Haikus – poems of failure – Pintsize tweets of mental fluff. Exotic in regalia, Just self-congratulating puff. Strangely obsessed with the weather, And crushingly serene – Thinking they’re oh-so-clever For counting to seventeen.
Yes, that’s right, I said haikus with a pluralising S. If this upsets you, you need to stop speaking English altogether.
I know the temptation – any stick to diss them, Any ally welcome, any grudge a friend – Any note of caution is abject criticism, Any mediation is weakness to the trend. But surely we are judged by the company we keep, Regardless why we keep such clientele – The rival of my enemy might sometimes be a creep Who should really be my enemy as well. Real politic with an opportune autocracy Is just another way to say hypocrisy.
If you find England is too small, my dear, Then jump on my boat and I’ll sail you from here ! I’ll sail you to Russia, I’ll sail you to Spain, I’ll sail you away from her beer and her rain. But if in a day or a month or a year You find that you’re missing her rain and her beer, Well, I won’t be there, dear, to sail you back home – For I’ll be in Oslo or Cairo or Rome.
Normandy roads beside Normandy fields, All run between Normandy ditches. Your radishes, cabbages, onions and leeks Are right on the roadside in vegetable pitches. They’re unfenced by hedges or sedges or nettles, Just Normandy roads between Normandy riches.
Noah, lonely and bereft, Cast adrift with wives and sons. Of other folk, no more are left – These are the only ones.

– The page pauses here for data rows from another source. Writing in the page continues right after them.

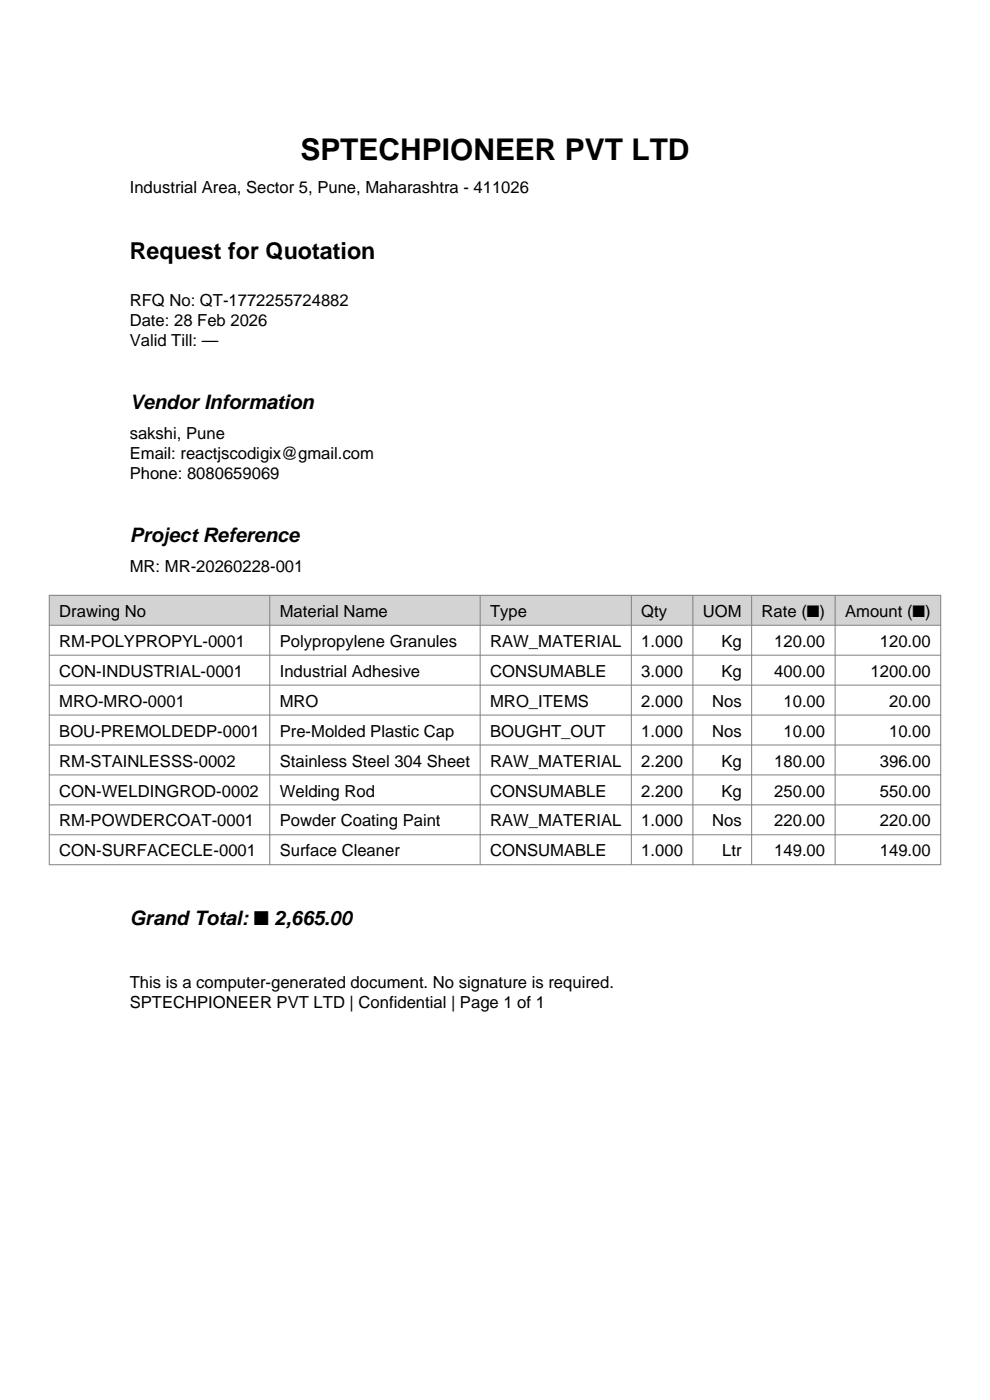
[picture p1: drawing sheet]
<svg xmlns="http://www.w3.org/2000/svg" width="210mm" height="297mm" viewBox="0 0 210 297" stroke-linecap="round" stroke-linejoin="round" font-family="sans-serif">
<defs><g id="words">
<text font-size="6.3" x="63.7" y="33.9">SPTECHPIONEER PVT LTD</text>
<text font-size="4.9" x="27.5" y="55">Request for Quotation</text>
<g font-size="4.2">
<text x="27.5" y="86.8">Vendor Information</text>
<text x="27.5" y="115">Project Reference</text>
<text x="27.5" y="196.1">Grand Total: ■ 2,665.00</text>
</g>
<g font-size="3.5">
<text x="27.5" y="40.9">Industrial Area, Sector 5, Pune, Maharashtra - 411026</text>
<text x="27.5" y="64.9">RFQ No: QT-1772255724882</text>
<text x="27.5" y="69.1">Date: 28 Feb 2026</text>
<text x="27.5" y="73.4">Valid Till: —</text>
<text x="27.5" y="93.1">sakshi, Pune</text>
<text x="27.5" y="97.4">Email: reactjscodigix@gmail.com</text>
<text x="27.5" y="101.6">Phone: 8080659069</text>
<text x="27.5" y="121.4">MR: MR-20260228-001</text>
<text x="12.6" y="130.9">Drawing No</text>
<text x="59.3" y="130.9">Material Name</text>
<text x="104" y="130.9">Type</text>
<text x="136" y="130.9">Qty</text>
<text x="149.1" y="130.9">UOM</text>
<text x="161.6" y="130.9">Rate (■)</text>
<text x="179.3" y="130.9">Amount (■)</text>
<text x="12.6" y="137.2">RM-POLYPROPYL-0001</text>
<text x="59.3" y="137.2">Polypropylene Granules</text>
<text x="104" y="137.2">RAW_MATERIAL</text>
<text x="136" y="137.2">1.000</text>
<text x="153" y="137.2">Kg</text>
<text x="164.2" y="137.2">120.00</text>
<text x="186.6" y="137.2">120.00</text>
<text x="12.6" y="143.6">CON-INDUSTRIAL-0001</text>
<text x="59.3" y="143.6">Industrial Adhesive</text>
<text x="104" y="143.6">CONSUMABLE</text>
<text x="136" y="143.6">3.000</text>
<text x="153" y="143.6">Kg</text>
<text x="164.2" y="143.6">400.00</text>
<text x="184.7" y="143.6">1200.00</text>
<text x="12.6" y="149.9">MRO-MRO-0001</text>
<text x="59.3" y="149.9">MRO</text>
<text x="104" y="149.9">MRO_ITEMS</text>
<text x="136" y="149.9">2.000</text>
<text x="151.1" y="149.9">Nos</text>
<text x="166.2" y="149.9">10.00</text>
<text x="188.6" y="149.9">20.00</text>
<text x="12.6" y="156.3">BOU-PREMOLDEDP-0001</text>
<text x="59.3" y="156.3">Pre-Molded Plastic Cap</text>
<text x="104" y="156.3">BOUGHT_OUT</text>
<text x="136" y="156.3">1.000</text>
<text x="151.1" y="156.3">Nos</text>
<text x="166.2" y="156.3">10.00</text>
<text x="188.6" y="156.3">10.00</text>
<text x="12.6" y="162.6">RM-STAINLESSS-0002</text>
<text x="59.3" y="162.6">Stainless Steel 304 Sheet</text>
<text x="104" y="162.6">RAW_MATERIAL</text>
<text x="136" y="162.6">2.200</text>
<text x="153" y="162.6">Kg</text>
<text x="164.2" y="162.6">180.00</text>
<text x="186.6" y="162.6">396.00</text>
<text x="12.6" y="169">CON-WELDINGROD-0002</text>
<text x="59.3" y="169">Welding Rod</text>
<text x="104" y="169">CONSUMABLE</text>
<text x="136" y="169">2.200</text>
<text x="153" y="169">Kg</text>
<text x="164.2" y="169">250.00</text>
<text x="186.6" y="169">550.00</text>
<text x="12.6" y="175.3">RM-POWDERCOAT-0001</text>
<text x="59.3" y="175.3">Powder Coating Paint</text>
<text x="104" y="175.3">RAW_MATERIAL</text>
<text x="136" y="175.3">1.000</text>
<text x="151.1" y="175.3">Nos</text>
<text x="164.2" y="175.3">220.00</text>
<text x="186.6" y="175.3">220.00</text>
<text x="12.6" y="181.7">CON-SURFACECLE-0001</text>
<text x="59.3" y="181.7">Surface Cleaner</text>
<text x="104" y="181.7">CONSUMABLE</text>
<text x="136" y="181.7">1.000</text>
<text x="153.2" y="181.7">Ltr</text>
<text x="164.2" y="181.7">149.00</text>
<text x="186.6" y="181.7">149.00</text>
<text x="27.5" y="209.5">This is a computer-generated document. No signature is required.</text>
<text x="27.5" y="213.8">SPTECHPIONEER PVT LTD | Confidential | Page 1 of 1</text>
</g>
</g></defs>
<path d="M10.5 126.3h189v6.3h-189z" fill-rule="evenodd" fill="#d3d3d3"/>
<g fill="none" stroke="#808080" stroke-width=".21">
<path d="M10.5 126.3h189v57.1h-189zM10.5 132.6h189M10.5 139h189M57.2 126.3v57.1M101.9 126.3v57.1M133.9 126.3v57.1M147 126.3v57.1M159.4 126.3v57.1M177.1 126.3v57.1M10.5 145.3h189M10.5 151.7h189M10.5 158h189"/>
<path d="M10.5 164.4h189M10.5 170.7h189M10.5 177.1h189"/>
</g>
<use href="#words"/>
</svg>

But lo !, across the waves and foam Comes sailing forth on breezes fresh A vessel very like his own – The Ark of Gilgamesh !
This is an early poem of mine that features my patented exclamation comma (!,) which one day shall be combined into a single glyph to rule them all…Incidentally, my older self cringes at my rookie mistake of placing Gilgamesh himself in the other Arc when of course it was piloted by Utnapishtim. However, despite this, it remains the only poem of mine to ever earn me an income (£10), as recounted in the footnote to this poem.
Ah, Theatre ! I think I’m gonna miss you, But maybe not the agony you always put me through – You may raise gasps and titters from the proper-postured sitters, But you leave me bent like Richard, joints askew. Your drama may be modern, but your seating is Victorian, Which quickly sees my comfort heading south. Your balconies and rakes are long my source of joys and aches, Where ev’ry twist brings heart-and-knees-in-mouth.
The Audacious Free Will of the Predestined Chrononaut
Into the future we charge, We travellers in time, Past all of the past and into the future. Tachyon trekkers at large, In our own time, From marcher to moocher – But all of us heading in one direction, Through the temporal intersection: Into the future we barge our way, Each and every day.
There’s some say the future already exists And it does ! We’re in it today. This is the future, as this is the past, And the one hold the other in sway. We may like to think that we’re free how we choose, But however we choose it, a future arrives. So best to ignore it and get on with living, Before we have run out of lives.
We are the eyes of the future, Spying on history, Witnessing first-hand the long-dead past. We are the ones who are there, And writing it down, So the future can read it at last. They pay us with hope, from their endless supplies, Of the glories to come if we only choose wise. So the eyes of the long-ago future will see In time with the past yet-to-be.
There’s some say free will is just an illusion And lives are determined and fast. That’s true for the future – their choices are narrowed By what we do now in the past. We may like to think that we’re free how we choose, But however we choose it, we still live our lives. So best to ignore it and get on with living, Before all that future arrives.